On the recommendations of Lakdawala Committee different poverty lines were


determined for different states.

Magnitude of Poverty in India:


The Uniform Recall Period (URP) consumption distribution data of NSS 61st round
places the poverty ratio at 28.3 per cent in rural areas, 25.7 per cent in urban areas and
27.5 per cent in the country as a whole.

The corresponding poverty ratios from the Mixed Recall Period (MRP) consumption
distribution data are 21.8 percent for rural areas, 21.7 per cent for urban areas and 21.8
per cent for the country as a whole.

The incidence of poverty is not same in all states. On the one hand we have states
where poverty ratio is very high, like Orissa (46.4), Bihar (41.4), Madhya Pradesh
(38.3), Assam (19.71), and Uttar Pradesh (32.8).
On the other hand we have states where poverty ratio is very low, Punjab (8.4),
Himachal Pradesh (10) and Haryana (14). There has been a significant reduction in
poverty ratio during 1993-94 to 2004- 05 in Himachal Pradesh, Haryana, Karnataka,
Kerala, Tamil Nadu and Union Territories. Reduction in poverty has been
unsatisfactory in Orissa, Madhya Pradesh, Uttar Pradesh and North East states.

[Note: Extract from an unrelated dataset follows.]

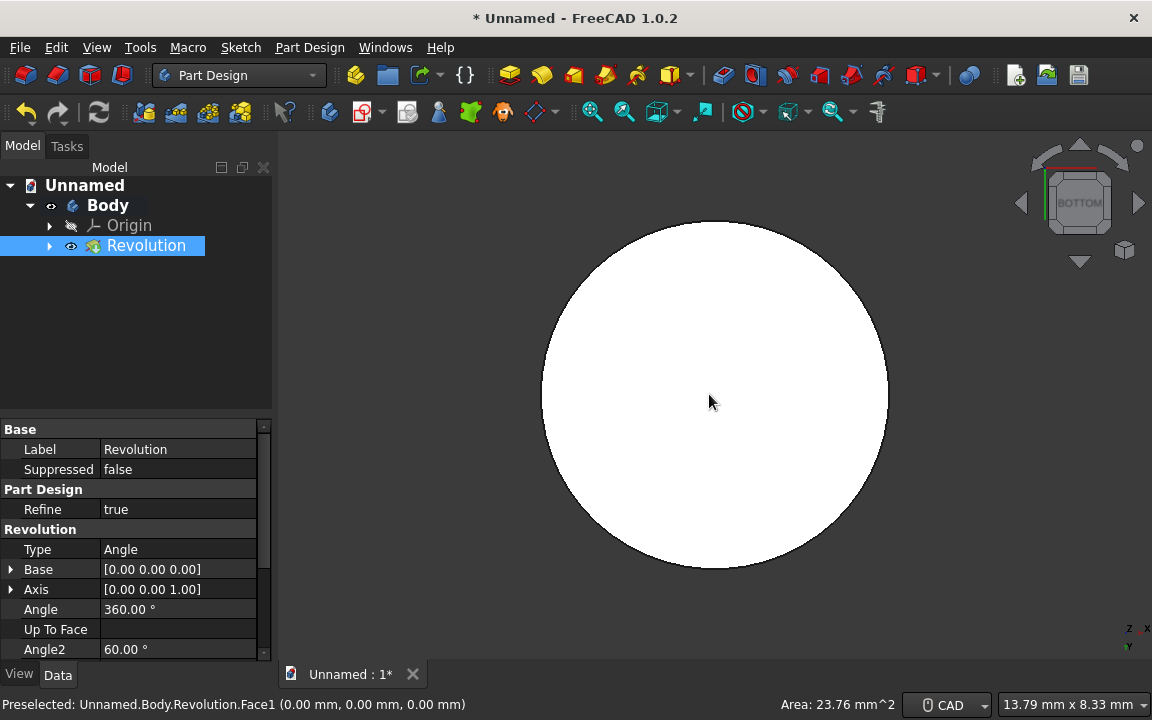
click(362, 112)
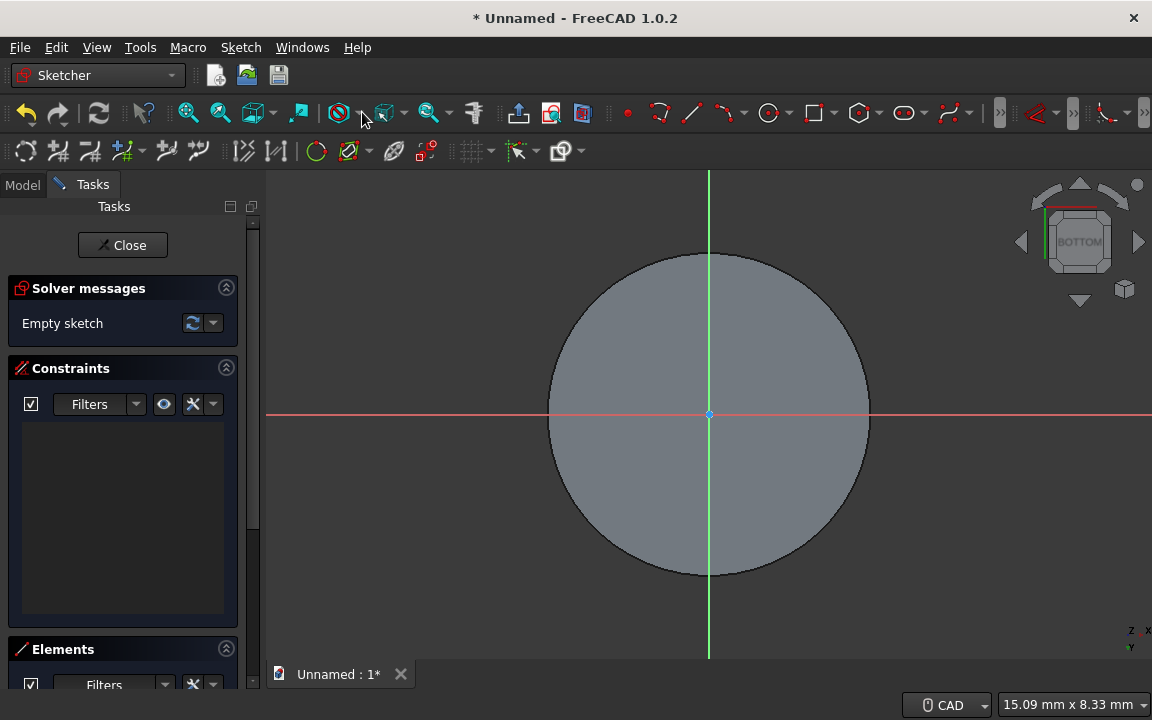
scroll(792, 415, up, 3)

One significant fact about poverty is that while the poverty ratio has been declining in
India, the absolute number of poor had remained more or less the same. Poverty ratio
was 36 per cent in 1993- 94 which means 32.0 crore people were below poverty line.
Though poverty ratio declined by 8.5 per cent between 1993-94 and 2004-05 but the
absolute number of poor was estimated at 30.2 crores persons.

The poor mostly belong to the weaker sections of the society like SC/ST, women,
handicapped, etc. In rural areas they are the landless labourers, small and marginal
farmers and rural artisans.

The urban poor, quite many of them are immigrants from villages, live in slums and
on pavements. The poor are weak not only economically but also socially and
politically.
Conclusion

Therefor we have been able to learned that poverty is one of the major issues in the
world that need to be address quickly in the poorest villages in which thousands of
people are dying, and most of these people are children’s. We have learned that
poverty refers to the condition of not having the means to afford basic human needs
such as clean water, nutrition, healthcare, clothing, food, and a place to live, poverty is
a deadly issue that’s killing our population slow and that we as the affected ones need
to take actions against it. We have also learned that poverty that affect mostly poor
people, because of the little resources they have, this means that poverty is an issue
that’s harming poor people that want to get out of poverty, but they can’t because they
don’t have the support of rich people. Even though there are a lot of people trying to
stop poverty, it is impossible to stop it without the support of rich countries, this is
because to fight poverty we have to fight it with a lot of money and their only a few
countries that could support us with this need. Something else that we have learned is
that poverty today is looking worst then when it first started; millions of kids are
living on piles of trash dying of starvation. The reason there are so many people living
in poverty is because millions of other people are spending money in things they don’t
need. (Article wave) this leads us to the effects of this issue that are deadly illnesses
that make people fall and give up on their life, we learned that poverty lead people to
abuse of drugs or to abuse of other people. And even though many people support the
idea of helping those people who live in poverty, there are also those that don’t
support people who are trying to stop poverty. And the most important thing that we
have all learned from this research is that poverty can be stop, but to be able to stop it
we must all support each other, with no hate or anything that could harm us. So for
those that are willing to help don’t help because you feel pressure, do it because you
want to and your heart is telling you to do it.